1. It has been shewn in the preceding chapter that the national and original poetry of the Doric race was not the epic, but the lyric; which is occupied rather in expressing inward feelings, than in describing outward objects. If this predilection may be considered as natural to the whole race, it will enable us to explain why history neither originated among, nor was cultivated by the Dorians. For both its progress and invention we are indebted to the Ionians, who were also the first to introduce prose-composition in general. The Dorians however did not always retain this incapacity; for we are told that the Spartans gladly listened to the sophist Hippias of Elis, speaking of the families of heroes and men, the settlements by which the cities had in ancient times been founded, and of ancient events in general. This naturally suggests the remark, that the Dorians paid more attention to the events of the past than of the present time; in which they are greatly opposed to the Ionians, who from their governments and geographical position were more thrown into society, and interested themselves more in the passing affairs of the day.
There is a particular tendeney which may be traced throughout all the accounts that have come down to us of early Grecian history, viz. of reducing every thing to a genealogical form.
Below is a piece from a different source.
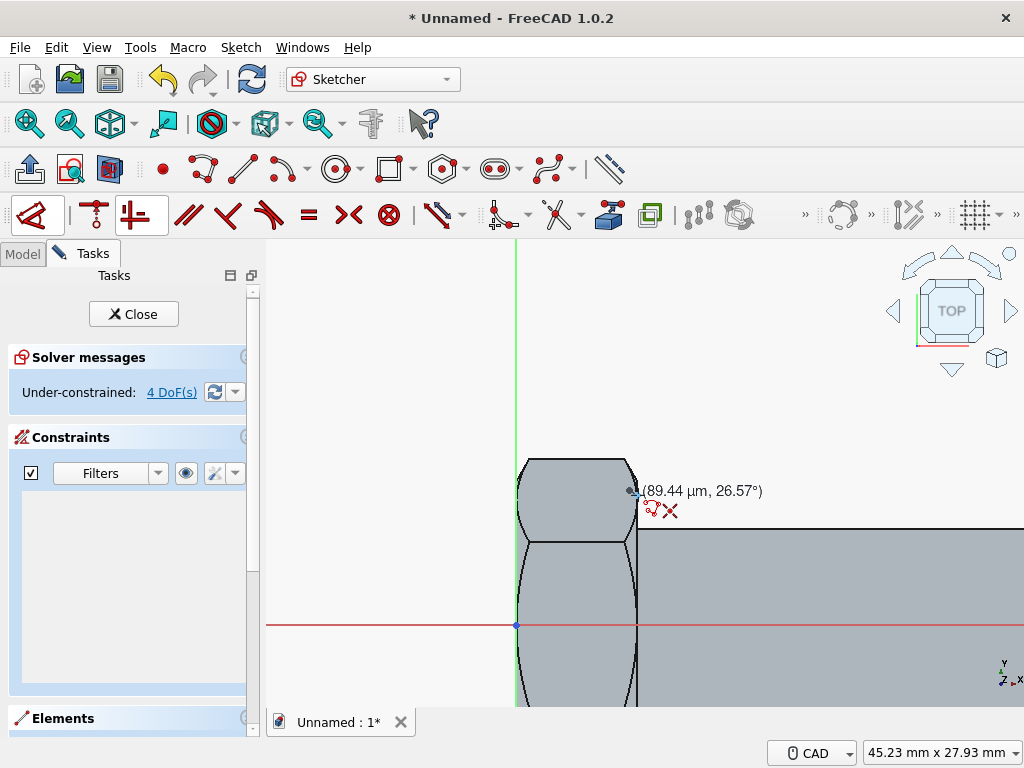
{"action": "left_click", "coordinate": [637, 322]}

It was much encouraged by the opinion of the later historians, that every town and valley had received its name from some ancient prince or hero; thus even Pausanias meets with persons who explained every thing by means of genealogies; who, e. g., out of the Pythian temple at Delphi made a son of Delphus Pythis, a prince of early times. This tendency, however, is manifestly founded on the genuine ancient language of mythology. With the inventors of these fabulous narratives, nations, cities, mountains, rivers, and gods became real persons, who stood to one another in the relation of human beings, were arranged in families, and joined to one another in marriage. Now although such fictions are in many cases easily seen through, and the meaning of the connexion may be readily deciphered, yet these genealogies, as there was nothing of arbitrary and fanciful invention in them, in after-times passed for real history; and were, both by early and late historians, with full confidence in their general accuracy, made use of for the establishment of a sort of chronology.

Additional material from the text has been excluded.